# Work task
Among the lines below, take the one holding "Rendered at 1241 by 1754 pixels.", the one holding "For every layout", and all lines between them. Set them down exactly.

# Exercise material
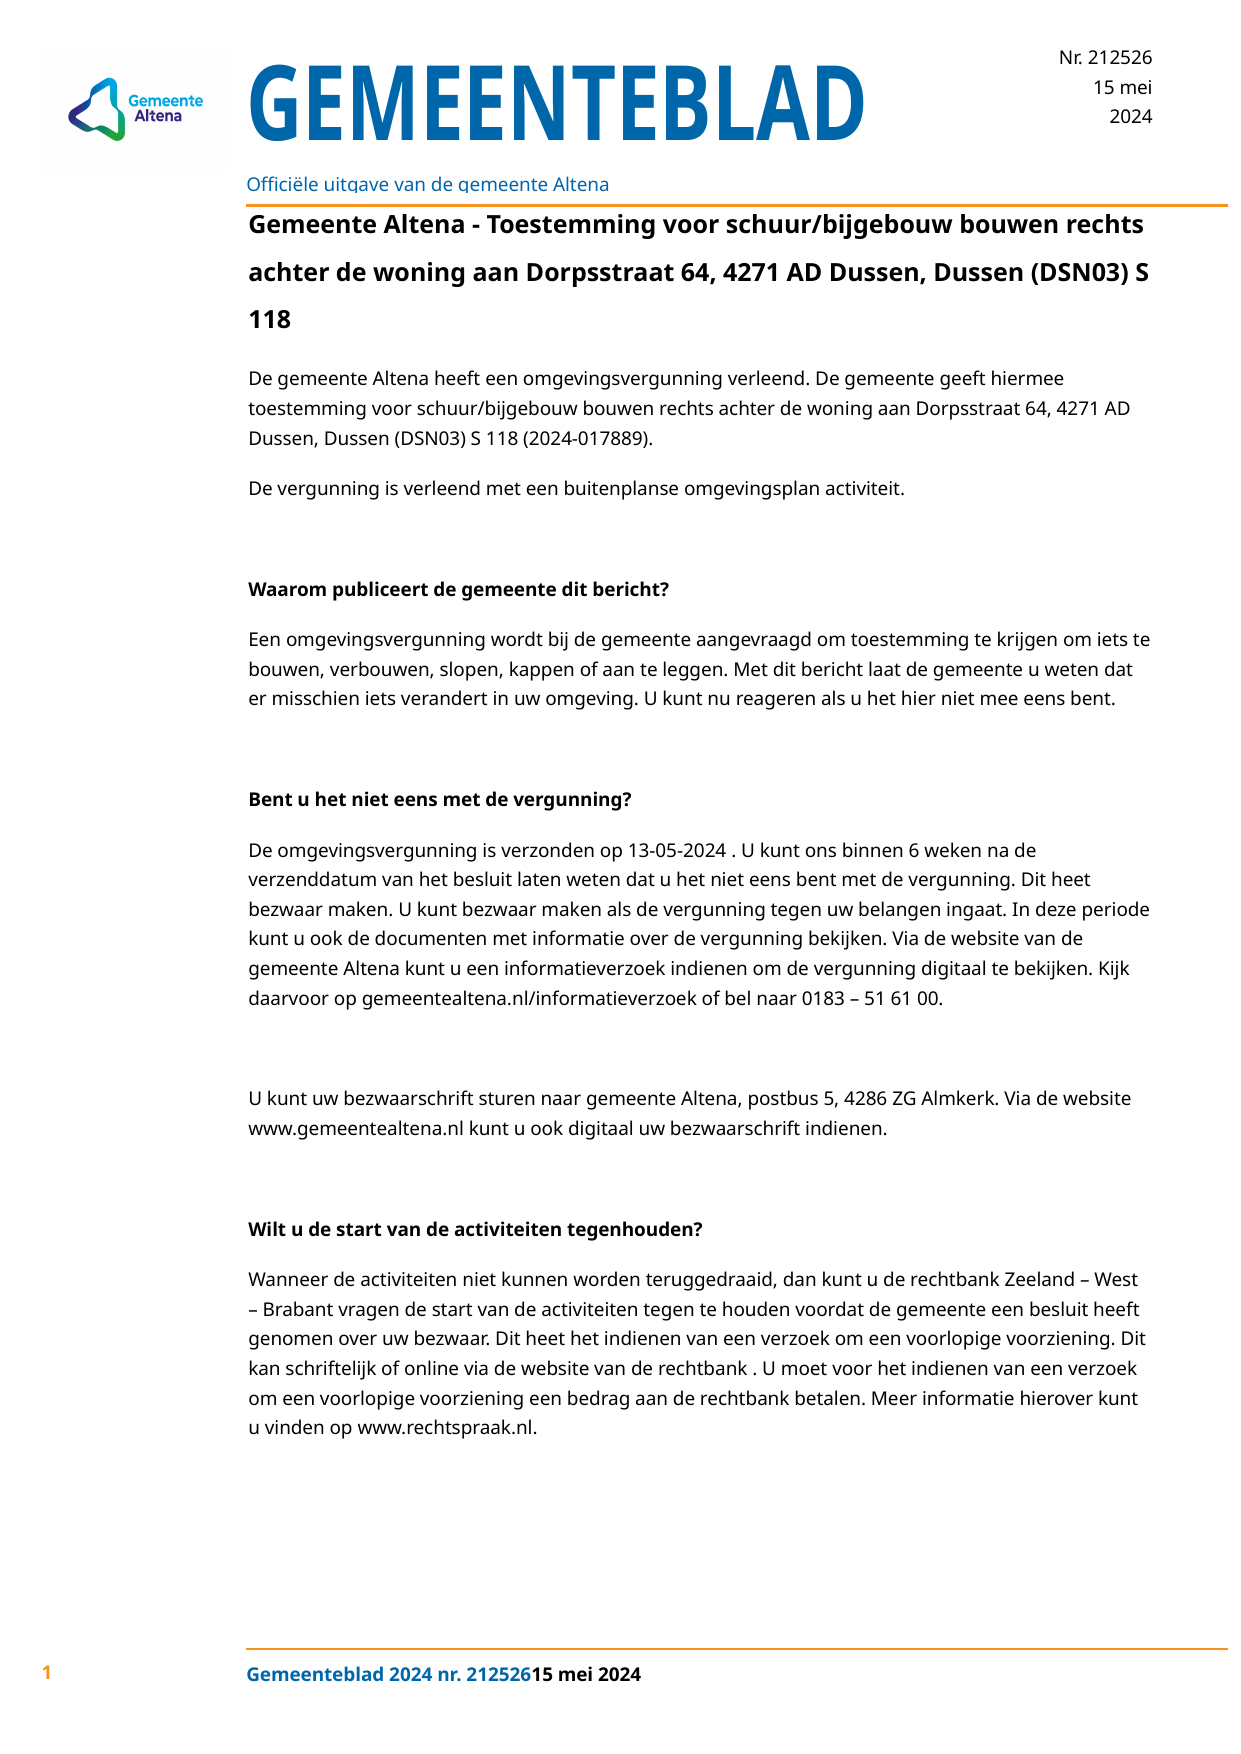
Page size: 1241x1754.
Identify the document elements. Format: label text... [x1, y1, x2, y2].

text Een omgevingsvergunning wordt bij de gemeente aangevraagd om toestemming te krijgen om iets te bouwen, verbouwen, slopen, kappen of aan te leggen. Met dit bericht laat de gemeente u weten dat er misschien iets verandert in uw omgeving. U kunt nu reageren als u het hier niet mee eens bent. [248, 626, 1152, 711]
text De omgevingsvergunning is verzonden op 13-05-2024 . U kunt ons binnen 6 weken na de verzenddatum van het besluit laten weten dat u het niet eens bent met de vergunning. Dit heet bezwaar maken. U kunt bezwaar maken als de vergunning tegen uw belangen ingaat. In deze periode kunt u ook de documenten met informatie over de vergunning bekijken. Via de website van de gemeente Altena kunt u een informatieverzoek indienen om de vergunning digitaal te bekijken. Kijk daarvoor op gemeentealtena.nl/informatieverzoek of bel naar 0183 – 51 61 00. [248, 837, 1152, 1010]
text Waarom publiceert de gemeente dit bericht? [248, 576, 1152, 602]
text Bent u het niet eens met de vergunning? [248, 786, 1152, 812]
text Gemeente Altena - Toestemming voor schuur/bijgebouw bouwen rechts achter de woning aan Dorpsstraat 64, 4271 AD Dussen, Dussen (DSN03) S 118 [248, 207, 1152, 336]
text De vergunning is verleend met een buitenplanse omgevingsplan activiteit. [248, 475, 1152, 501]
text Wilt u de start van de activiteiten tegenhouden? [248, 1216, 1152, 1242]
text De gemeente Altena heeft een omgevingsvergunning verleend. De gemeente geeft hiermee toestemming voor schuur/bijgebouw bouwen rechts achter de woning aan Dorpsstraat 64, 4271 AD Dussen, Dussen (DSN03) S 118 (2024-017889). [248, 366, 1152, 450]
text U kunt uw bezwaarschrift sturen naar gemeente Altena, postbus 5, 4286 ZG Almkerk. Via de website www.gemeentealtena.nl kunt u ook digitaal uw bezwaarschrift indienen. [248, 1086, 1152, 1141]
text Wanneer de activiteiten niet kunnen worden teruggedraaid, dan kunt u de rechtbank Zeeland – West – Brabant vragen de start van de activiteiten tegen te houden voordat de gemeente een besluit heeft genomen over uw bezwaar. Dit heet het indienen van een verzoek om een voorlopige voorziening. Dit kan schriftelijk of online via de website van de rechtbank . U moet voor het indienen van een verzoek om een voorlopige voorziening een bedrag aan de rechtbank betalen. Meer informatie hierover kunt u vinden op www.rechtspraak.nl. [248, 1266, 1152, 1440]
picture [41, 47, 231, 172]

* * *

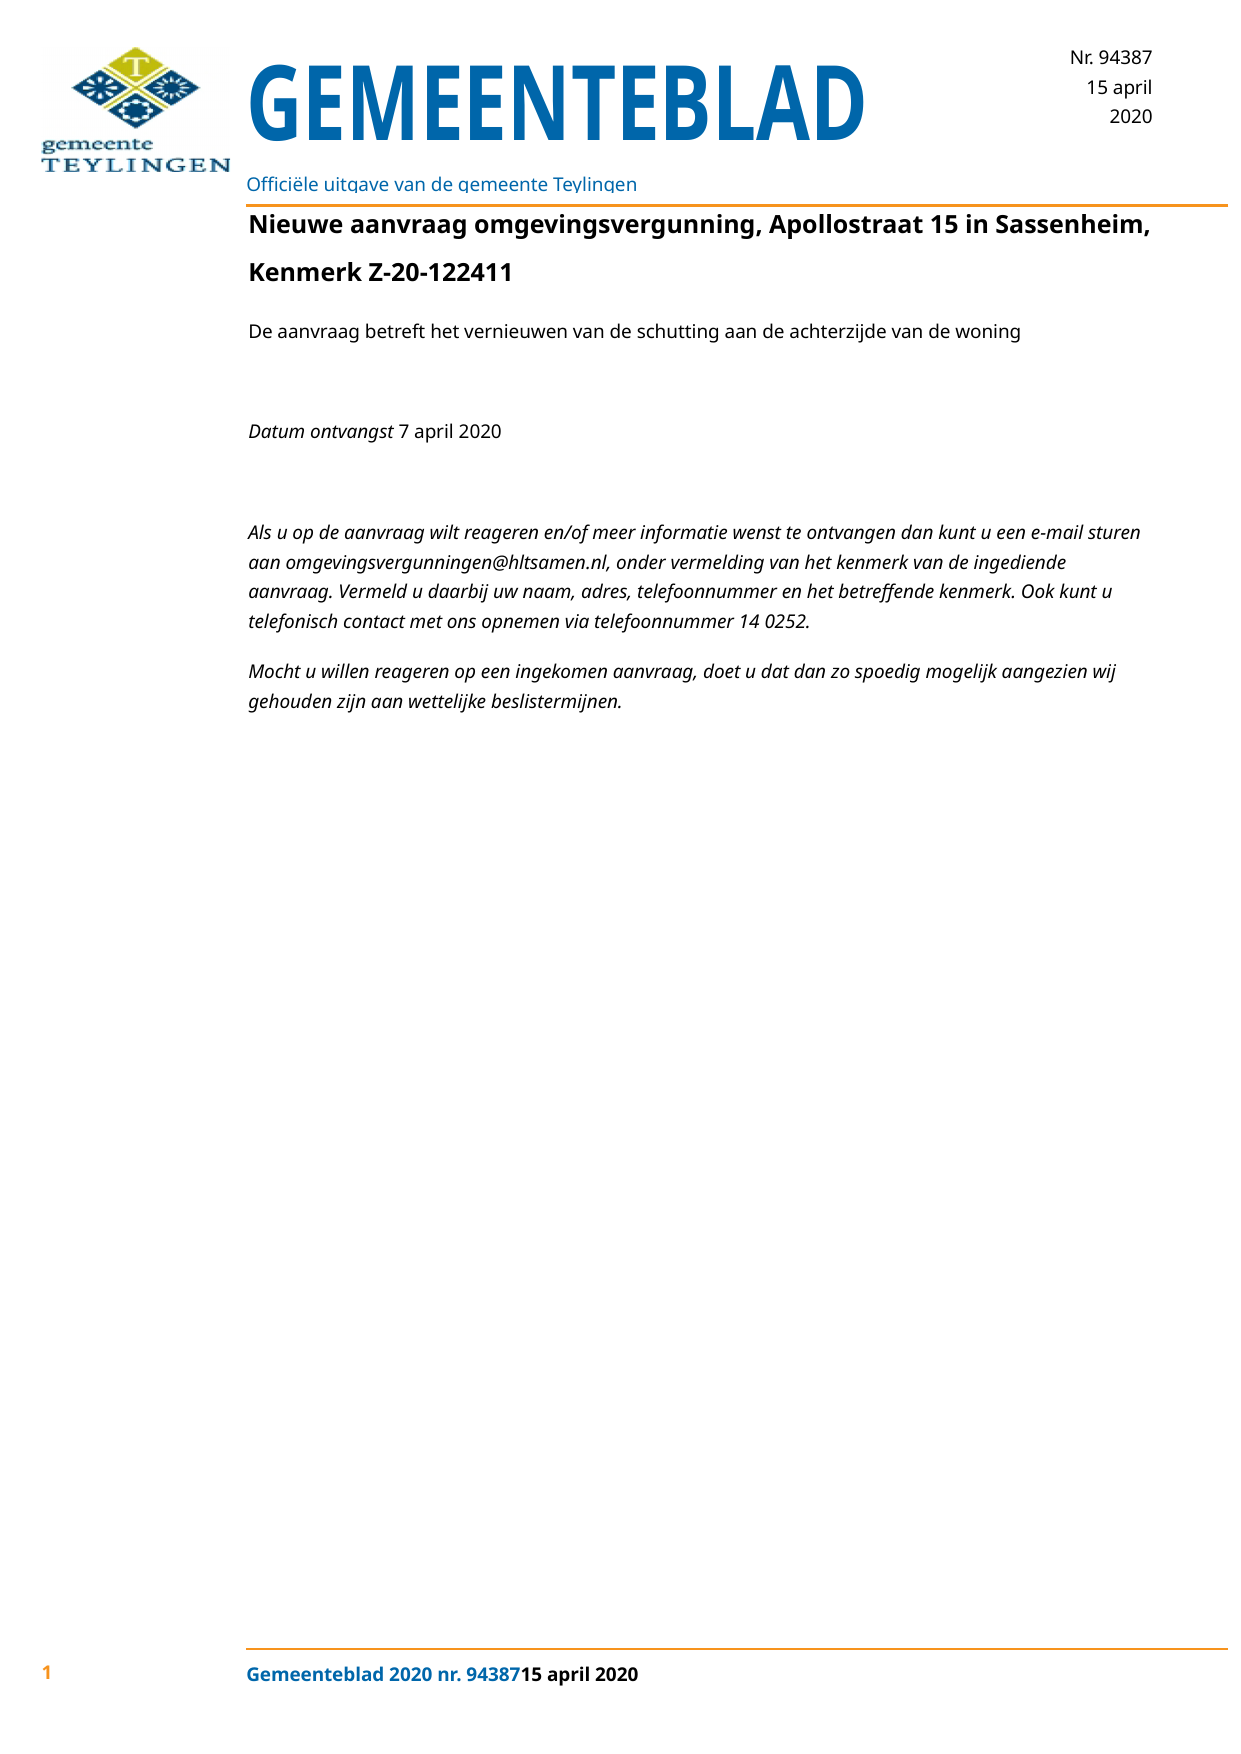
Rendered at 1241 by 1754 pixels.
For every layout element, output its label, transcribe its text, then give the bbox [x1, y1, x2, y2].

# Output of the task
Rendered at 1241 by 1754 pixels.
For every layout element, output its label, transcribe its text, then give the bbox [x1, y1, x2, y2].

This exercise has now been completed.